In this clinical trial, the investigators are seeking to learn if a course of voice therapy, including neck massage, stretches and pain science education in addition to voice exercise and scar massage will effectively treatment patient complaints of swallowing or voice changes after total thyroidectomy as compared to voice exercise and scar massage alone.

The main questions it aims to answer are:

Will neck massage, stretches and pain science education reduce patient complaints of swallowing changes after total thyroidectomy?

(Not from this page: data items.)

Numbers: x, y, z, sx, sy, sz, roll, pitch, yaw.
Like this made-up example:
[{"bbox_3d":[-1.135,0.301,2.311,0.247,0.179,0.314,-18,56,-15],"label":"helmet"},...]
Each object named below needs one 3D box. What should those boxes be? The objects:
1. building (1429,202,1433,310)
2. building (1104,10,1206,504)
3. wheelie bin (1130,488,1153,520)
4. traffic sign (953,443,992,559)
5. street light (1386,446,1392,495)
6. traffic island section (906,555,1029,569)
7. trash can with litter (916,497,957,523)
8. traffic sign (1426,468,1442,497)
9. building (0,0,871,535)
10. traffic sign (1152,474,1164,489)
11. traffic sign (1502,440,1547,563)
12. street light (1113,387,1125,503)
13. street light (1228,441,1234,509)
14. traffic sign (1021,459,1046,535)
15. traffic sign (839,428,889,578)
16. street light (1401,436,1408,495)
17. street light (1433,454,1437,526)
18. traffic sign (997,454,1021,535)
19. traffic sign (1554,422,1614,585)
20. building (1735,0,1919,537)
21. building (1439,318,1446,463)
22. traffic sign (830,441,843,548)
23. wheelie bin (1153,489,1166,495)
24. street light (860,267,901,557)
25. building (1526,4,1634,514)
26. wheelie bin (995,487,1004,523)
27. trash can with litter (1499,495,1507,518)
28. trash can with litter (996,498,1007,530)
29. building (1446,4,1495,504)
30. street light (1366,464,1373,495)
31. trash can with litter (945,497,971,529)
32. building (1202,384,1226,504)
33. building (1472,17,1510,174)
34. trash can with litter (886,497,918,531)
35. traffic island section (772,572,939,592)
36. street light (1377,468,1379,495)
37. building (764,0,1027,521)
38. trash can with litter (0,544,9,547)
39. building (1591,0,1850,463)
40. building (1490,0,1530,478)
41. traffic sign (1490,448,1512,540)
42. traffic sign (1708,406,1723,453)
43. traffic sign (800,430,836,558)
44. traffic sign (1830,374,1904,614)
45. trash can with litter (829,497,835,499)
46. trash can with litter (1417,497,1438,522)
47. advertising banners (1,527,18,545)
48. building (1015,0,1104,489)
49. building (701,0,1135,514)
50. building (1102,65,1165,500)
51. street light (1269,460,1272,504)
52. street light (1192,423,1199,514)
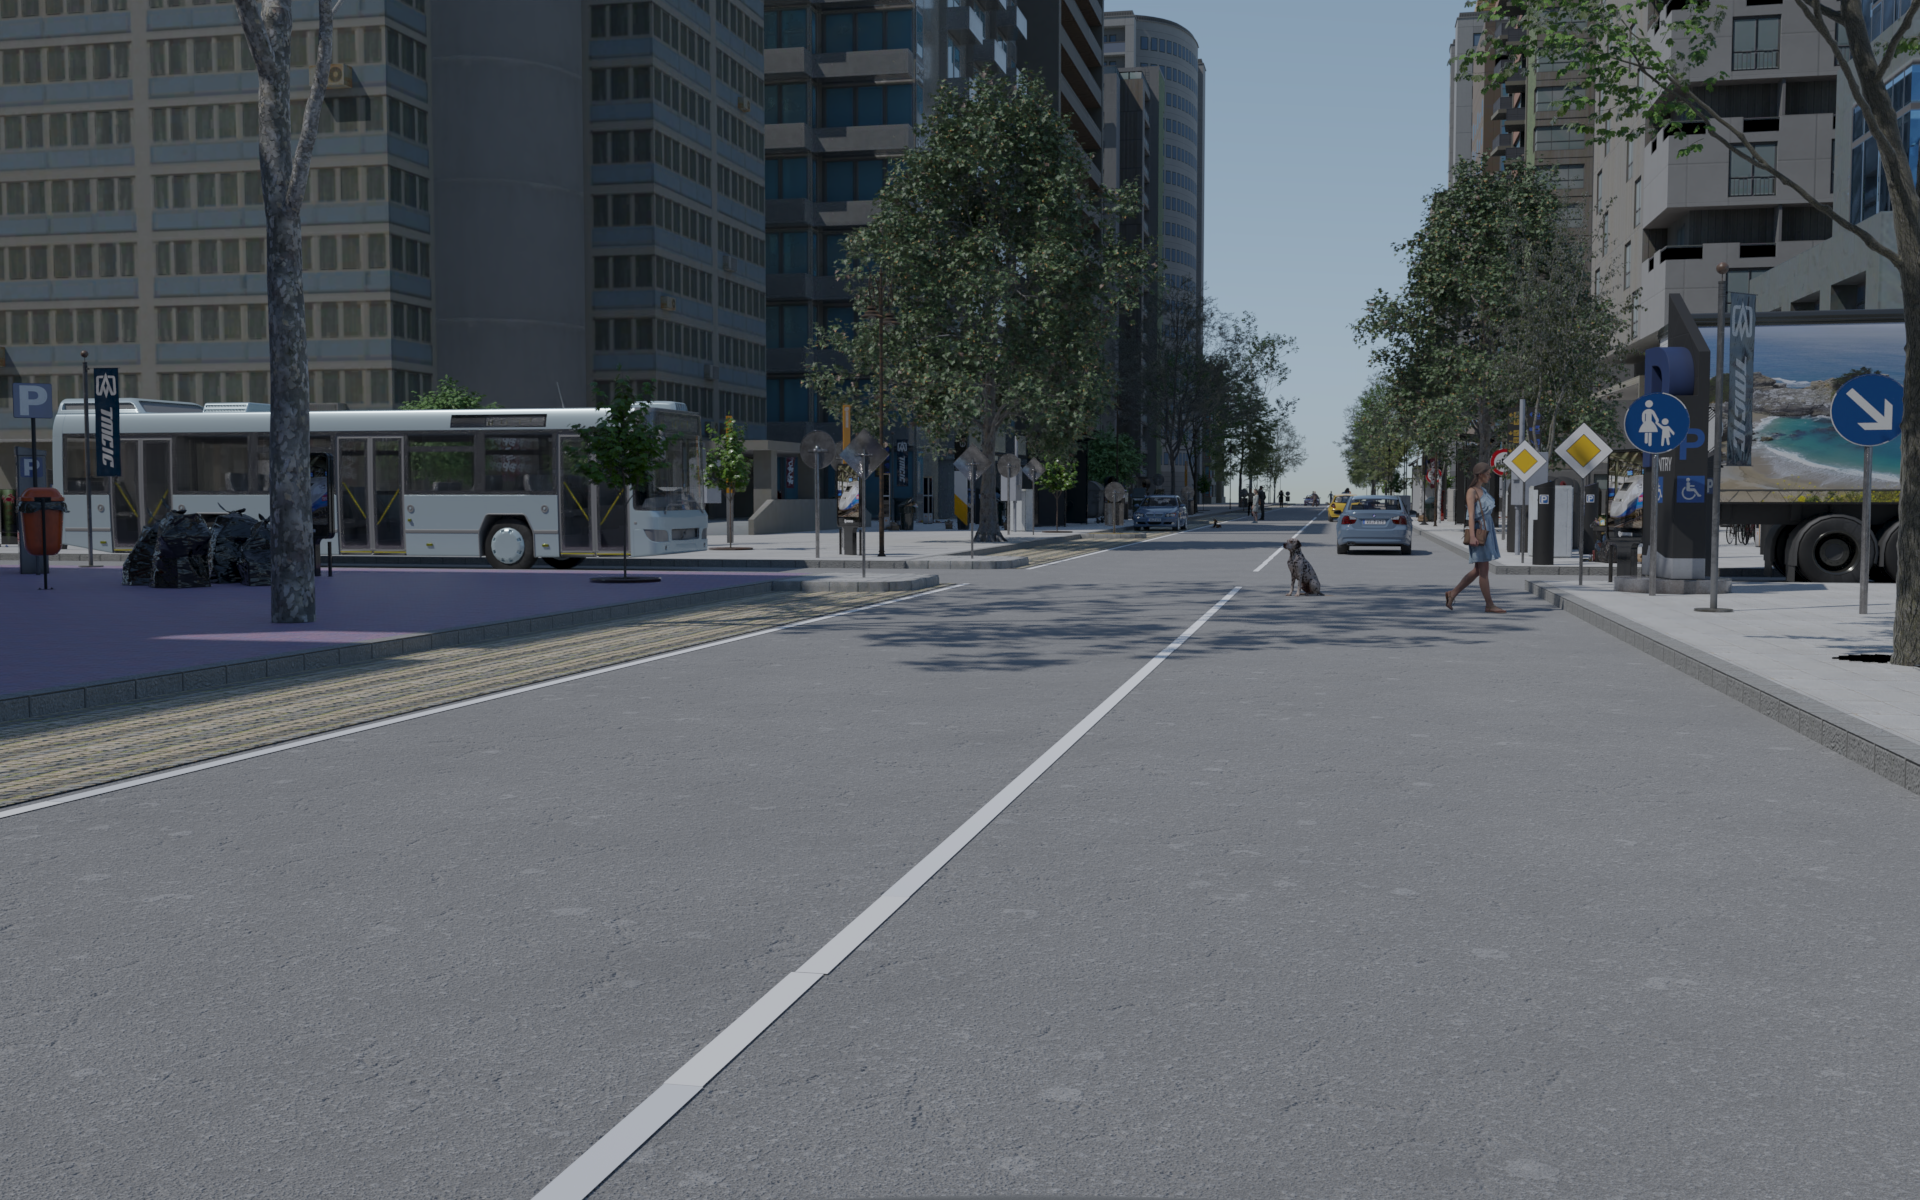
[{"bbox_3d":[74.863,-36.671,249.677,14.600,45.320,14.200,1,4,12],"label":"building"},{"bbox_3d":[18.574,-41.146,214.737,21.231,58.520,28.212,1,4,12],"label":"building"},{"bbox_3d":[8.803,-4.716,85.007,0.980,1.594,0.693,1,4,20],"label":"wheelie bin"},{"bbox_3d":[0.246,-1.878,34.348,0.795,2.450,0.064,1,4,12],"label":"traffic sign"},{"bbox_3d":[35.505,-10.433,143.373,0.468,5.910,1.993,1,4,12],"label":"street light"},{"bbox_3d":[0.221,-0.742,34.415,2.009,0.180,2.903,1,4,12],"label":"traffic island section"},{"bbox_3d":[-1.111,-4.000,76.460,2.233,1.210,1.678,2,4,28],"label":"trash can with litter"},{"bbox_3d":[22.672,-5.065,82.917,0.768,2.556,0.104,1,4,16],"label":"traffic sign"},{"bbox_3d":[-20.686,-22.705,63.108,32.217,40.220,23.993,1,4,12],"label":"building"},{"bbox_3d":[12.372,-6.610,108.180,0.768,2.556,0.104,1,4,19],"label":"traffic sign"},{"bbox_3d":[10.442,-1.740,32.089,0.795,2.450,0.064,1,4,12],"label":"traffic sign"},{"bbox_3d":[6.539,-6.068,71.994,0.468,5.910,1.993,1,4,12],"label":"street light"},{"bbox_3d":[22.913,-10.639,146.737,0.468,5.910,1.993,1,4,12],"label":"street light"},{"bbox_3d":[2.295,-3.231,54.017,0.795,2.450,0.064,1,4,14],"label":"traffic sign"},{"bbox_3d":[-1.473,-1.401,26.550,0.795,2.450,0.064,1,4,12],"label":"traffic sign"},{"bbox_3d":[27.460,-8.208,106.990,0.468,5.910,1.993,1,4,12],"label":"street light"},{"bbox_3d":[18.849,-5.855,68.517,0.468,5.910,1.993,1,4,12],"label":"street light"},{"bbox_3d":[1.529,-3.326,54.493,0.768,2.556,0.104,1,4,17],"label":"traffic sign"},{"bbox_3d":[8.723,-1.263,24.290,0.795,2.450,0.064,1,4,12],"label":"traffic sign"},{"bbox_3d":[38.488,-44.778,44.789,31.000,86.520,22.319,1,4,12],"label":"building"},{"bbox_3d":[71.435,-33.722,234.942,14.154,41.232,14.086,1,4,12],"label":"building"},{"bbox_3d":[-2.786,-2.528,41.438,0.768,2.556,0.104,1,4,17],"label":"traffic sign"},{"bbox_3d":[12.384,-6.099,107.619,0.980,1.594,0.693,2,4,29],"label":"wheelie bin"},{"bbox_3d":[-1.607,-3.828,35.380,0.468,5.910,1.993,1,4,12],"label":"street light"},{"bbox_3d":[45.750,-26.578,118.150,14.154,41.232,14.086,1,4,12],"label":"building"},{"bbox_3d":[1.492,-4.097,74.895,0.693,1.594,0.980,-2,4,-29],"label":"wheelie bin"},{"bbox_3d":[28.758,-4.924,91.566,1.678,1.210,2.233,-2,4,-33],"label":"trash can with litter"},{"bbox_3d":[1.980,-3.047,61.200,1.055,1.170,0.624,1,4,21],"label":"trash can with litter"},{"bbox_3d":[70.607,-41.016,212.610,21.231,58.520,28.212,1,4,12],"label":"building"},{"bbox_3d":[53.247,-15.381,224.260,0.468,5.910,1.993,1,4,12],"label":"street light"},{"bbox_3d":[-0.113,-3.178,63.342,1.055,1.170,0.624,0,4,1],"label":"trash can with litter"},{"bbox_3d":[22.736,-24.443,244.686,27.650,21.520,28.899,1,4,12],"label":"building"},{"bbox_3d":[54.941,-31.222,160.585,14.600,45.320,14.200,1,4,12],"label":"building"},{"bbox_3d":[-2.045,-3.031,60.952,1.055,1.170,0.624,-2,4,-31],"label":"trash can with litter"},{"bbox_3d":[-1.498,-0.265,26.617,2.009,0.180,2.903,1,4,12],"label":"traffic island section"},{"bbox_3d":[43.398,-12.661,179.789,0.468,5.910,1.993,1,4,12],"label":"street light"},{"bbox_3d":[-8.662,-29.164,96.435,23.786,49.044,30.456,1,4,12],"label":"building"},{"bbox_3d":[-23.719,-1.858,41.436,1.678,1.210,2.233,0,4,-6],"label":"trash can with litter"},{"bbox_3d":[46.475,-30.198,82.972,28.713,52.752,27.495,1,4,12],"label":"building"},{"bbox_3d":[54.363,-29.608,138.721,22.147,44.769,28.867,1,4,12],"label":"building"},{"bbox_3d":[15.155,-2.945,48.257,0.768,2.556,0.104,1,4,17],"label":"traffic sign"},{"bbox_3d":[10.134,-1.462,24.007,0.768,2.556,0.104,1,4,20],"label":"traffic sign"},{"bbox_3d":[-2.860,-2.116,34.706,0.768,2.556,0.104,1,4,15],"label":"traffic sign"},{"bbox_3d":[9.654,-1.121,18.434,0.768,2.556,0.104,1,4,21],"label":"traffic sign"},{"bbox_3d":[-5.604,-3.999,76.763,0.624,1.170,1.055,1,4,11],"label":"trash can with litter"},{"bbox_3d":[21.333,-4.128,78.881,1.055,1.170,0.624,-3,5,-40],"label":"trash can with litter"},{"bbox_3d":[-24.839,-2.919,43.912,2.074,3.025,0.090,0,4,2],"label":"advertising banners"},{"bbox_3d":[-1.907,-30.483,122.105,21.300,48.544,21.600,1,4,12],"label":"building"},{"bbox_3d":[-1.847,-27.753,145.644,32.217,40.220,23.993,1,4,12],"label":"building"},{"bbox_3d":[11.313,-29.274,162.229,14.154,41.232,14.086,1,4,12],"label":"building"},{"bbox_3d":[40.737,-15.567,227.304,0.468,5.910,1.993,1,4,12],"label":"street light"},{"bbox_3d":[14.964,-8.413,110.334,0.468,5.910,1.993,1,4,12],"label":"street light"}]
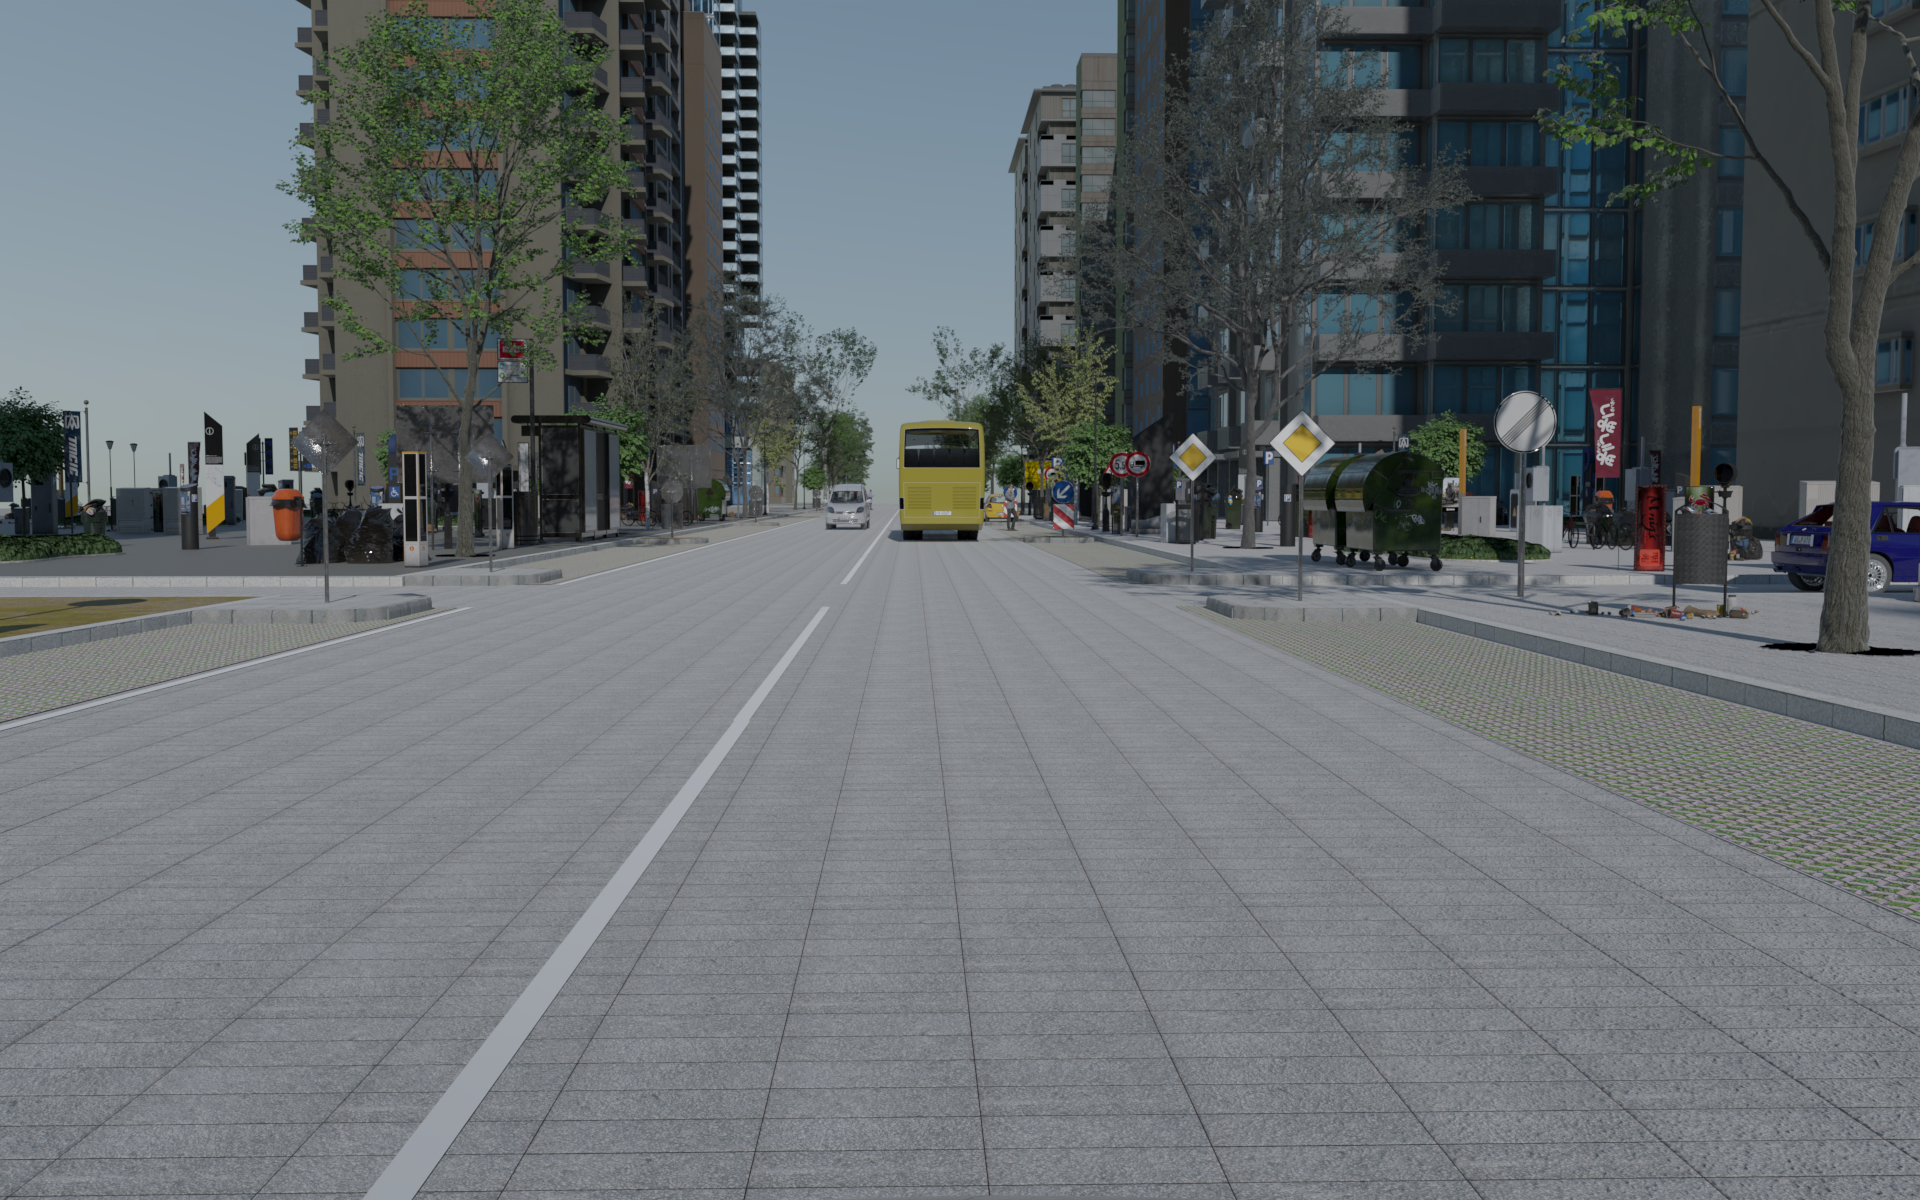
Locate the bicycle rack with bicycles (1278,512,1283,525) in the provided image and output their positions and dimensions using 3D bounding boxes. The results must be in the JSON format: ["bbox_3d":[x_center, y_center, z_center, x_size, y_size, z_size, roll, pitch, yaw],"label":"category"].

Will neck massage, stretches and pain science education reduce patient complaints of voice changes after total thyroidectomy?

Will neck massage, stretches and pain science education reduce patient complaints of scar tethering and quality changes after total thyroidectomy?

Will neck massage, stretches and pain science education improve quality of life after total thyroidectomy?

Participants will:

Participate in 4 visits with the participant's endocrine/laryngology surgeon. One prior and 3 after surgery for endoscopic evaluation and tests.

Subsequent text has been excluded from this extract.